Foto: Peserta tampil saat acara Tong-tongklek beberapa tahun lalu (Mondes/Supriyanto) REMBANG – Mondes.co.id | Kerinduan masyarakat Rembang terhadap suara bambu yang dipukul berirama, akan segera terobati.
Pemerintah Kabupaten Rembang resmi memastikan bahwa Lomba Tong Tong Klek Tradisional 2026 akan kembali digelar dengan konsep parade arak-arakan keliling yang ikonik.
Ajang ini bukan sekadar lomba, melainkan simbol perlawanan terhadap gempuran modernisasi demi menjaga identitas asli “Kota Garam”.
Wakil Bupati Rembang, Hanies Cholil Barro’ (Gus Hanies), menegaskan bahwa tradisi ini adalah nyawa dari suasana Ramadan di Rembang.
Koordinasi lintas sektoral pun kini tengah digodok matang, demi menjamin keamanan dan kenyamanan penonton.

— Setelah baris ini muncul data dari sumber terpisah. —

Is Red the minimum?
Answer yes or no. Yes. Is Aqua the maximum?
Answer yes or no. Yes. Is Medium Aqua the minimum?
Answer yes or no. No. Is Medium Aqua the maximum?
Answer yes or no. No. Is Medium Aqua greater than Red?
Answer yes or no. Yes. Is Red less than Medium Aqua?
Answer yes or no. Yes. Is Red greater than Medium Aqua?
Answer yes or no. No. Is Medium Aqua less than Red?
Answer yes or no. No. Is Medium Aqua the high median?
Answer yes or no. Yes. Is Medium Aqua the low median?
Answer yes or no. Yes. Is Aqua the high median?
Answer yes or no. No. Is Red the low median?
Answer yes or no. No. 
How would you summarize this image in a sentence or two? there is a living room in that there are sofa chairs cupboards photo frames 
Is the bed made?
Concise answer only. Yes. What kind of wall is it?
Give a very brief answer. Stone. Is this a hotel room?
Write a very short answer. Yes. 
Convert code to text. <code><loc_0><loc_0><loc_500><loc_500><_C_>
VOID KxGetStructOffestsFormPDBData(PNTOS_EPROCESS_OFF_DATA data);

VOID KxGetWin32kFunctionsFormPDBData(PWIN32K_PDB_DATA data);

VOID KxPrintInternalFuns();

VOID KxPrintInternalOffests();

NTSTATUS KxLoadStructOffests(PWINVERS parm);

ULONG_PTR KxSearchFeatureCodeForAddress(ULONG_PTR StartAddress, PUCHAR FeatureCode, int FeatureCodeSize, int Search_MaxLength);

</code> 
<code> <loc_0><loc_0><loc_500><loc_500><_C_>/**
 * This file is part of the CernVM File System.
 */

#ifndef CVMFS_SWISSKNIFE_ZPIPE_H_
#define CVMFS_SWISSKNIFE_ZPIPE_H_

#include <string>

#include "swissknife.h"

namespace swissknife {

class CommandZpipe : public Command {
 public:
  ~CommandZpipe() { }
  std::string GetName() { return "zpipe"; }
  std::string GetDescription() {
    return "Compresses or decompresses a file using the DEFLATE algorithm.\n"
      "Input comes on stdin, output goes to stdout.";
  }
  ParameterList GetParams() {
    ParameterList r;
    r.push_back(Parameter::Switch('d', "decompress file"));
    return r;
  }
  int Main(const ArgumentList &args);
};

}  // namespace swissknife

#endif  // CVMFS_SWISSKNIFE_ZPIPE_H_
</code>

”Ini adalah warisan budaya yang harus terus kita jaga. Tradisi seperti tong tong klek menjadi identitas daerah yang tidak boleh hilang oleh arus modernisasi,” tegas Gus Hanies.
Kepala Dinas Kebudayaan dan Pariwisata (Dinbudpar) Rembang, Prapto Raharjo, mengungkapkan bahwa acara tahun ini dikemas lebih berkualitas, berkaca dari antusiasme luar biasa tahun lalu.
Acara ini akan digelar pada Selasa (17/3/2026) malam.
Dipilih 3-4 hari menjelang Lebaran agar para pemudik yang baru tiba, bisa langsung mencicipi kemeriahan kampung halaman.
Adapun titik start yakni Perempatan Zaini (antrean mengular ke arah barat).
Sedangkan panggung utama yang menjadi pusat penilaian juri berada di lokasi strategis jantung kota.
Kemudian untuk titik finish berada di Gedung Haji Rembang.
Agar pertunjukan tetap tertib dan estetik, panitia memberlakukan aturan main yang tegas bagi para peserta.
Kuota peserta hanya untuk 25 kelompok terbaik.
Juga menggunakan jenis kendaraan khusus, yakni wajib menggunakan unit sejenis L300.
Para peserta dilarang menggunakan kendaraan besar seperti truk tronton masuk barisan parade, demi menjaga kelancaran arus lalu lintas.
Penilaian juri tahun ini akan sangat selektif, menitikberatkan pada kreativitas aransemen musik, kekompakan tim, hingga estetika penampilan di atas panggung.
”Kita ingin tong tong klek ini benar-benar menjadi kebanggaan Rembang. Tradisinya hidup, masyarakatnya guyub, dan generasi muda ikut melestarikan,” pungkas Prapto Raharjo.